Plate Rolling Mill Roller for Heavy-Duty Metal Forming
A Plate Rolling Mill Roller—often known as a support roller, back-up roller, or plate mill roll—is a critical component used in heavy plate rolling mills. These rollers carry extremely high loads and ensure stable, accurate plate forming. For large plate mills and heavy rolling lines, the roller must maintain high dimensional accuracy, excellent hardness uniformity, and reliable internal quality.
Structure and Technical Requirements of Plate Rolling Mill Roller
Large plate rolling mill rollers are generally produced from high-chromium alloy forged steel, providing the strength and wear resistance required in demanding rolling conditions. For heavy-duty plate rollers, both geometry and hardening quality directly influence the mill’s accuracy and output.
1. Geometric Precision
To stabilize rolling forces and minimize vibration, several accuracy requirements must be met:
Cylindricity of D₁: ≤ 0.02 mm/1000 mm
Runout to datum A/B: ≤ 0.02 mm
Neck diameter (D₅) cylindricity & coaxiality: ≤ 0.03 mm
Taper surfaces (1:5.647058): parallelism and runout ≤ 0.03 mm
20° chamfers & sealing R-surfaces: runout ≤ 0.03 mm
These tolerances match the precision required in plate mills, hot rolling lines, and wide-heavy-plate production.
2. Heat Treatment & Hardness
Roll body hardness: HS50–HS60
Hardness difference within the body: ≤ 5HS
Overall hardness after final heat treatment: HB269–HB325
Uniform hardness is essential to prevent strip thickness variation.
3. Non-Destructive Testing
Ultrasonic testing (UT) after rough machining
Magnetic particle inspection (MT) after finish machining
This ensures the roller core is completely free of internal cracks and material segregation.

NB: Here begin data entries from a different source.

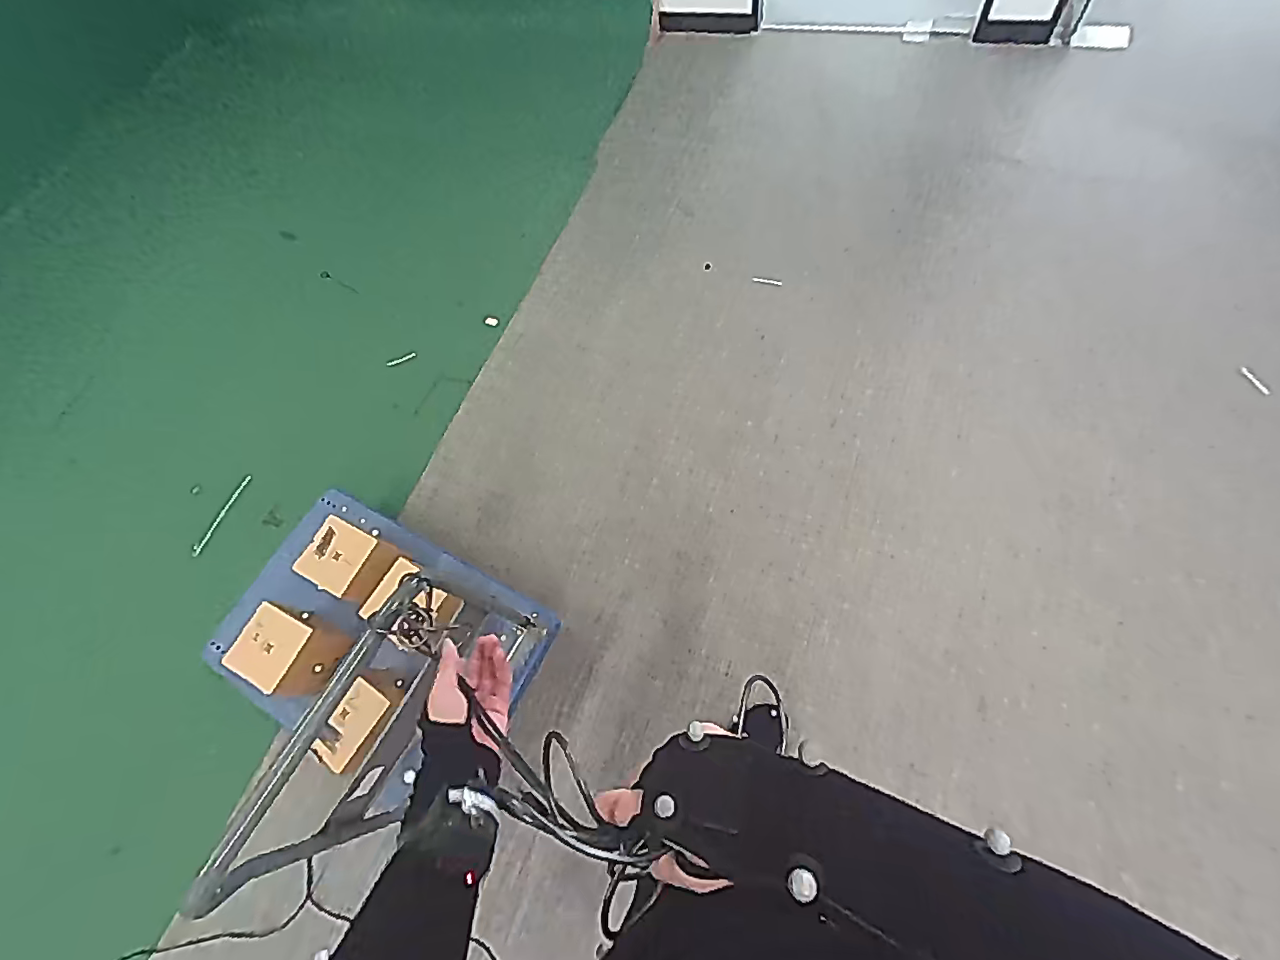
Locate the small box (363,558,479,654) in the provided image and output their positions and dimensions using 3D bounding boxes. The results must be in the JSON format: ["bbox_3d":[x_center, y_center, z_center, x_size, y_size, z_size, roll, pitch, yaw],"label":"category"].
[{"bbox_3d":[-0.548,0.326,1.373,0.179,0.176,0.168,27,74,19],"label":"small box"}]

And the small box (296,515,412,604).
[{"bbox_3d":[-0.759,0.222,1.451,0.179,0.176,0.168,23,74,17],"label":"small box"}]

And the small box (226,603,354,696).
[{"bbox_3d":[-0.882,0.436,1.382,0.179,0.176,0.168,22,72,17],"label":"small box"}]

Manufacturing Process and Technical Challenges
1. Manufacturing Routes Based on Weight
Large Plate Rolling Mill Rollers can range from 30 tons to over 220 tons, requiring different process routes:
Rollers >70 Tons
Due to furnace size limits or temperature uniformity issues:
Quenching, tempering, and surface hardening must often be completed in a single setup inside the hydraulic press facility.
This requires precise coordination between forging, heat treatment, and machining teams.
Rollers <70 Tons
Follow the conventional process:
Forging → Rough machining → Heat treatment → Finish machining → NDT
2. Key Manufacturing Challenges
(1) Weight & Handling
Ultra-large rollers (e.g., 220+ ton support rollers) exceed typical crane and machining capacity, making:
transport
lifting
clamping
machining stability
major engineering challenges.
(2) Precision Requirements
Modern plate mills require:
roll body surface roughness Ra ≤ 0.8 µm
high accuracy on neck, taper and groove areas
minimized runout to maintain rolling thickness control
(3) Process Complexity
First-time production of rollers above 200 tons requires:
new tooling
special heat treatment procedures
custom turning and grinding setups
This is often the “make-or-break” point for mill roller manufacturers.

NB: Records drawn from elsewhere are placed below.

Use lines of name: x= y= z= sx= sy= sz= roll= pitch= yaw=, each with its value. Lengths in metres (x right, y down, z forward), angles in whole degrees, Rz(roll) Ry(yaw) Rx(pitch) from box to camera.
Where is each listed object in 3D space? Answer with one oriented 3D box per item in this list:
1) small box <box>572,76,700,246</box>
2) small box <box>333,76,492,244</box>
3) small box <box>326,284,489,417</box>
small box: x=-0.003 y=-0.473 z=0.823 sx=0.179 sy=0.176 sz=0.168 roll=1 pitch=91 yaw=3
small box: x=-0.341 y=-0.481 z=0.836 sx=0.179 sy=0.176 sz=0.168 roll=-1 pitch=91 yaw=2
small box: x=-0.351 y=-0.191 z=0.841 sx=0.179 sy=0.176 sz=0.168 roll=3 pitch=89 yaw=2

Applications and Functions of Plate Rolling Mill Rollers
1. Core Functions
A Plate Rolling Mill Roller is designed to:
Support the rolling force during thick plate reduction
Maintain equipment stability and strip flatness
Ensure uniform pressure distribution across the plate width
Improve rolling accuracy, efficiency, and rolling capacity
2. Application Fields
Used across:
Hot plate rolling mills
Cold plate rolling mills
Wide-thick plate production
Heavy section steel rolling lines
Metallurgical and steelmaking plants
Material Selection and Processing Logic
1. Material
Most Plate Rolling Mill Rollers use:
High-chromium alloy forged steel
Cr-Mo alloy steel
NiCrMo hardened rolls
High-strength forged backing rolls
These materials provide:
high load-bearing capability
resistance to thermal fatigue
stable hardness through thick sections
2. Processing Flow
Each stage must be strictly controlled:
Forging
Ensures dense microstructure, eliminating shrinkage cavities and segregation.
Heat Treatment
Quenching + tempering + surface hardening for balanced hardness and toughness.
Precision Machining
Includes turning, deep-hole boring, taper machining, grinding, and polishing.
Quality Control & NDT
UT, MT, hardness test, chemical analysis, surface inspection.

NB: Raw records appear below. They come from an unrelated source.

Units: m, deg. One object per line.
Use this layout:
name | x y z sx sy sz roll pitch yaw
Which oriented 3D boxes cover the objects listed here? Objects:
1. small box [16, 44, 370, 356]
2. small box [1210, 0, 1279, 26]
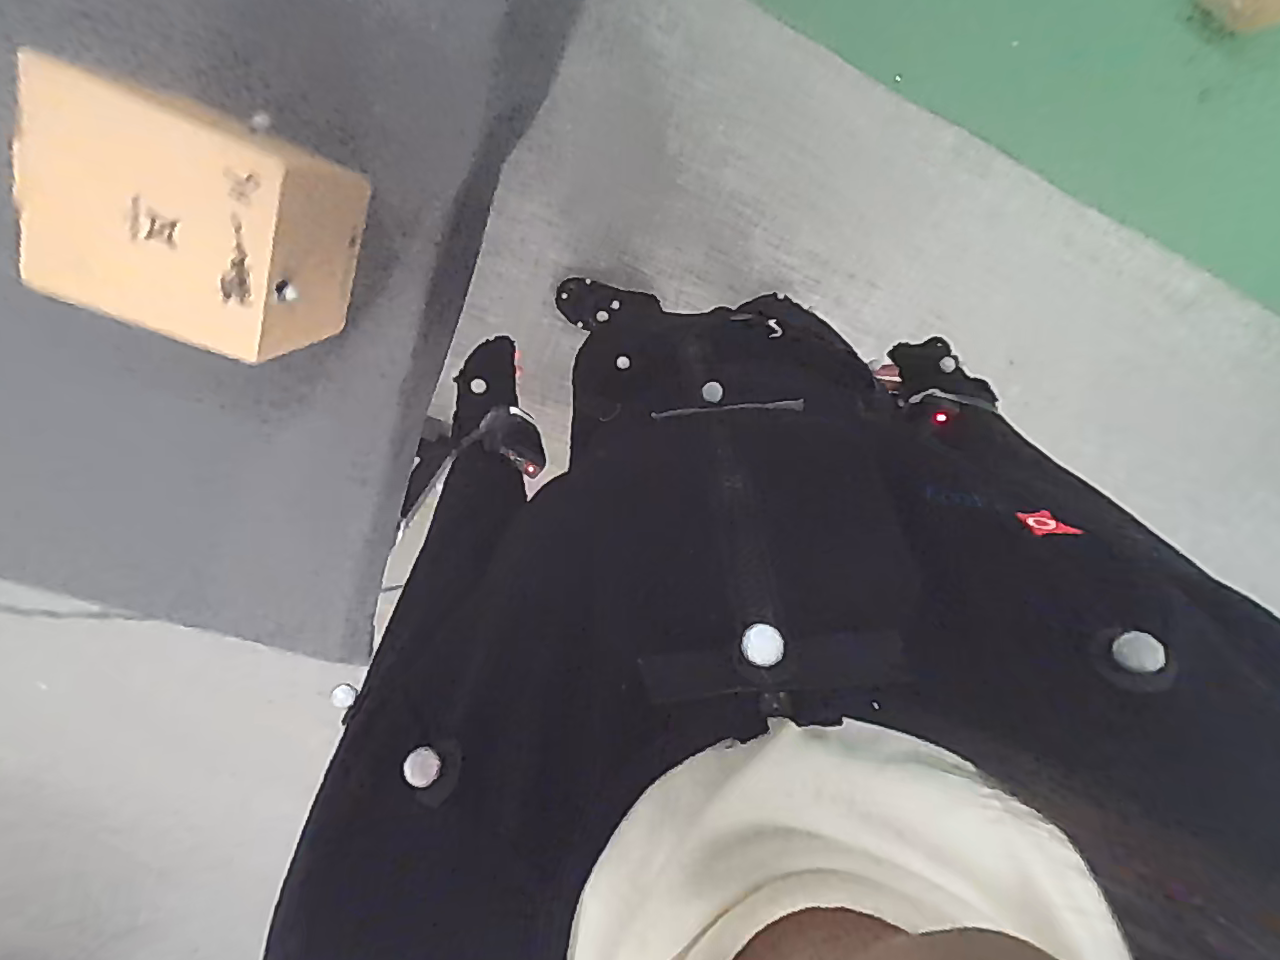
small box | -0.377 -0.232 0.484 0.179 0.176 0.168 20 113 -11
small box | 1.231 -1.008 1.005 0.168 0.176 0.179 23 112 -11

For oversized rollers, additional challenges include:
thermal uniformity during heat treatment
deformation control during cooling
precise grinding of large tapers and neck diameters
Conclusion
A Plate Rolling Mill Roller is an irreplaceable component in plate rolling systems.
Its performance depends on the combination of:
correct material selection
stable forging quality
precise heat treatment
strict machining accuracy
reliable non-destructive testing
For large or ultra-heavy rollers, manufacturing complexity increases significantly, requiring advanced equipment and extensive experience to ensure high stability and long service life in demanding metallurgical environments.